What is the correct number of shares to incorporate with?
The short answer is you need the number of shares that results in a manageable price per share for your investors.
Here are two examples:
- You incorporate with 100 shares.
- You’ve set the valuation of your business at £1,000,000, and you are looking to raise £200,000 for 20% of your business.
- The way funding rounds work is that you have to issue new shares to investors to make them shareholders (as opposed to transferring them from the existing shares).
- Because you only had 100 shares to begin with, the maths mean that you could only create 25 new shares to offer to the new investors who are going to give you the £200,000 (because 25/125 = 20%). Therefore, that £200,00 has to be divided by the 25 shares you can offer, to get your share premium price for the funding round. That price per share would be £8,000.
- This can become a problem because it inadvertently sets up a minimum ticket size in the eyes of smaller investors, and also brings inflexibility as an investor would be unable to invest a nice round £20,000, they would be forced to invest either £16,000 or £24,000.
- If you started with 100,000 shares instead, you can divide the £200,000 investment target by 25,000 instead of by 25 as above. This gives you a share price of £8 per share in your new round.
- This is a much more manageable price that does not price out any small investors and effectively will allow all investors to invest exactly the amount they wish.
- Therefore, if you incorporate with enough shares in the company so that problems do not arise later on when you go to raise funds and a nominal value that is low enough so that you do not owe your own company an arm and a leg.
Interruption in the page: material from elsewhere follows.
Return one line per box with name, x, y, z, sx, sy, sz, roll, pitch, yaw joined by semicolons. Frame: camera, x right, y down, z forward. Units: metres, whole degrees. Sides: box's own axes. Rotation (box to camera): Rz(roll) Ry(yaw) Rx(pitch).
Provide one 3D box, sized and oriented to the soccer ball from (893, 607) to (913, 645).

- If you’re looking for a guide on how to incorporate your company, we have written one that you can use alongside the Companies House online application portal here.
How to fix incorporation mistakes
If you incorporated with, say, 100 shares of £1 each, that’s not a mistake, that’s actually the default way of doing things, and your next step is to do a share split, which you can do in a few minutes on SeedLegals, easy.
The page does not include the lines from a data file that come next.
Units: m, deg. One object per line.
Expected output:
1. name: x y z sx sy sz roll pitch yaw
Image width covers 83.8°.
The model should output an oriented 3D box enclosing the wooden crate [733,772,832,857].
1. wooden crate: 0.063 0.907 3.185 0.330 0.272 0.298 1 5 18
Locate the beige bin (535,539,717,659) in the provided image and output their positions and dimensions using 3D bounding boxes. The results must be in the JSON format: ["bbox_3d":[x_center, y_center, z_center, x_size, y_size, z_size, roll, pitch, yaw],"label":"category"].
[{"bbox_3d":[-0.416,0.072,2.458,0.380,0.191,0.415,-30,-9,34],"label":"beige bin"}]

But, if you incorporated with a paid-up capital of, say, £1M, clearly you can’t actually pay for those shares, so you’ll need to fix that in some other way. And there are three ways to do that:
Option 1: Make a new company
If all you have done to date is incorporate your company, but nothing else, all you will have lost is:
- a bit of time,
- £13 (if done with Companies House), and
- The chance to use the same company name again.
If that does not matter to you, the easiest is to create a new company, with a new name, but this time incorporate with an appropriate number of shares and an appropriate nominal value.
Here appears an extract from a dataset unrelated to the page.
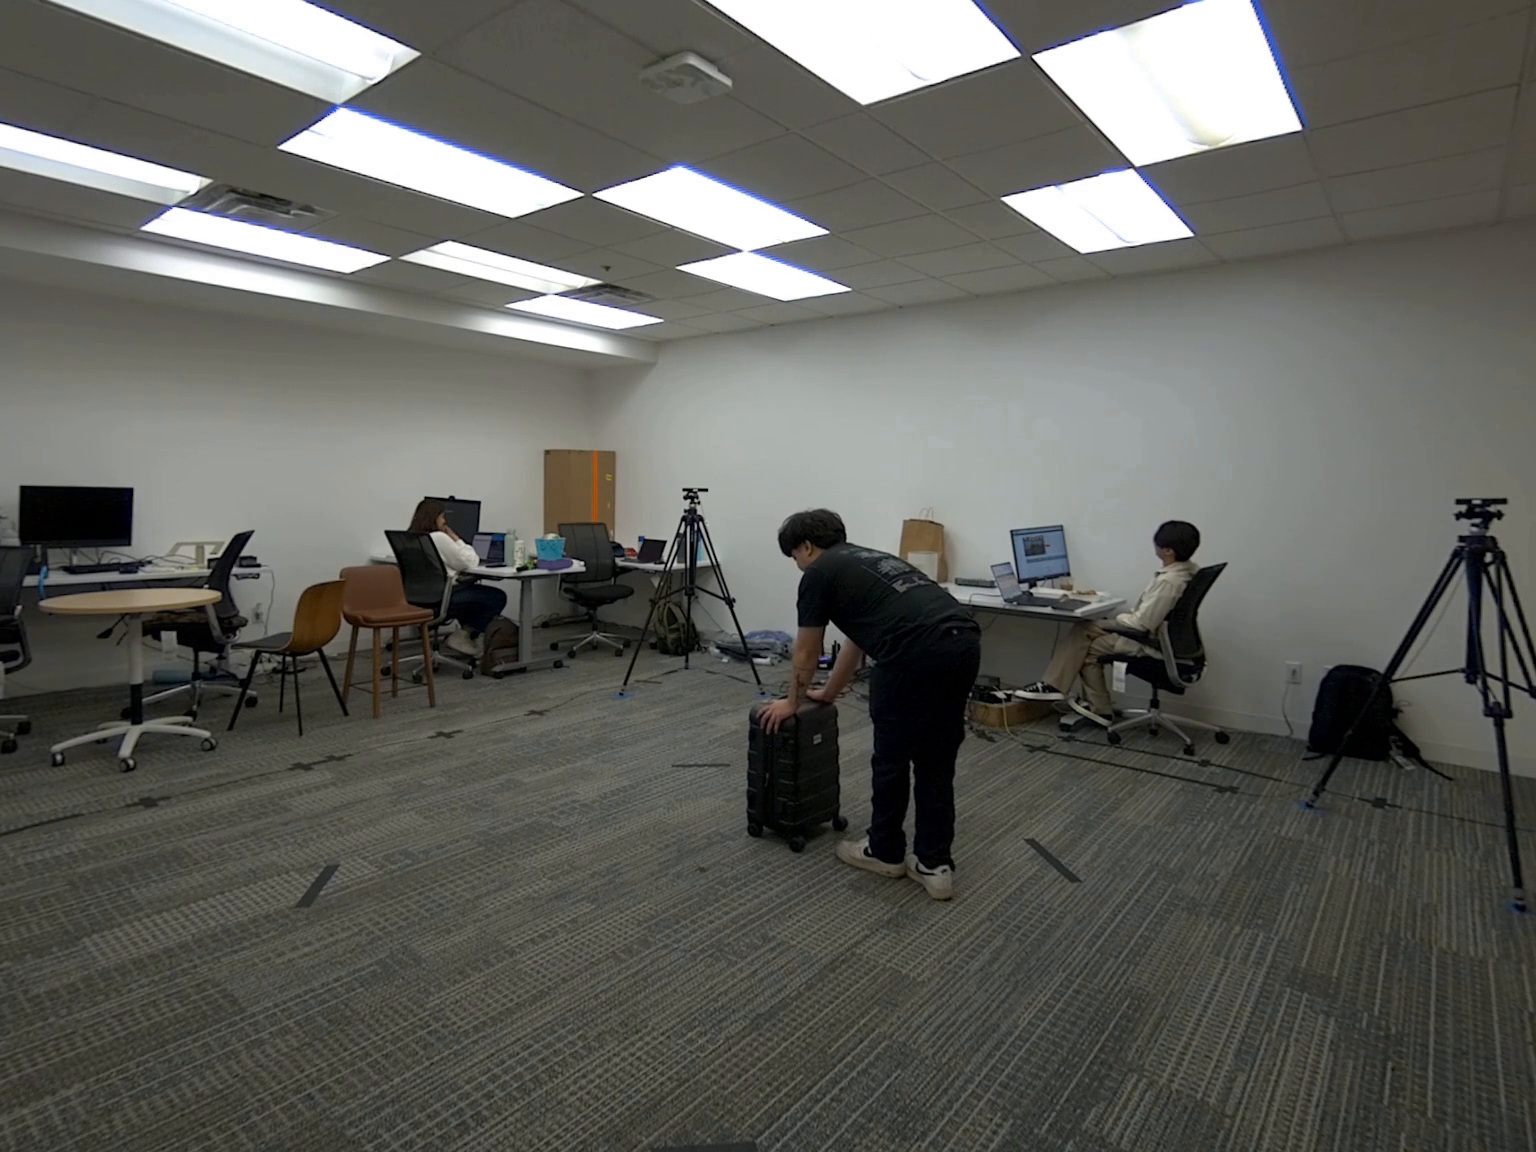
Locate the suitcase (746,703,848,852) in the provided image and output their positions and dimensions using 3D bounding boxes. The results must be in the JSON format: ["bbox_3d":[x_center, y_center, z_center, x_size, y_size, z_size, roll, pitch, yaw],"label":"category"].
[{"bbox_3d":[0.103,0.768,3.470,0.256,0.548,0.364,1,3,39],"label":"suitcase"}]

We’ve written a guide on how to incorporate a company with the Companies House online application portal here.
Alternatively, if your company already has IP, has been trading, has other shareholders, etc., then you might want to keep that company rather than starting again.
In this case there’s a process you can fill out an SH19 form that allows you to reduce your share capital. The form needs to be accompanied by a director solvency statement, a written resolution and also a statement of compliance. Once all forms a filled in you need to send them to: Company House, Crown Way, Cardiff, CF14 3UZ.
The process costs £10 and will take up to 7-10 working days. There is a £50 option for 1-day delivery, but due to COVID they are currently not offering this service.
Option 3: File a CS01
Every so often a company incorporates with 1,000,000 shares at a nominal value of £1. This means you would have to pay £1,000,000 (via cheque or wire transfer) to the company for the shares to be fully paid-up. You cannot correct your incorporation statement (form IN01), however, you can file a confirmation statement (form CS01, previously known as the annual return) with the correct information. The CS01 should be dated on the same date as your Incorporation, so it’s clear you are just correcting the filing and not issuing any new shares.
This will not remove the incorrect data on the IN01, but it will reflect the correct picture on the records.
Always check with your accountant, or reach out to Companies House, if you have any concerns.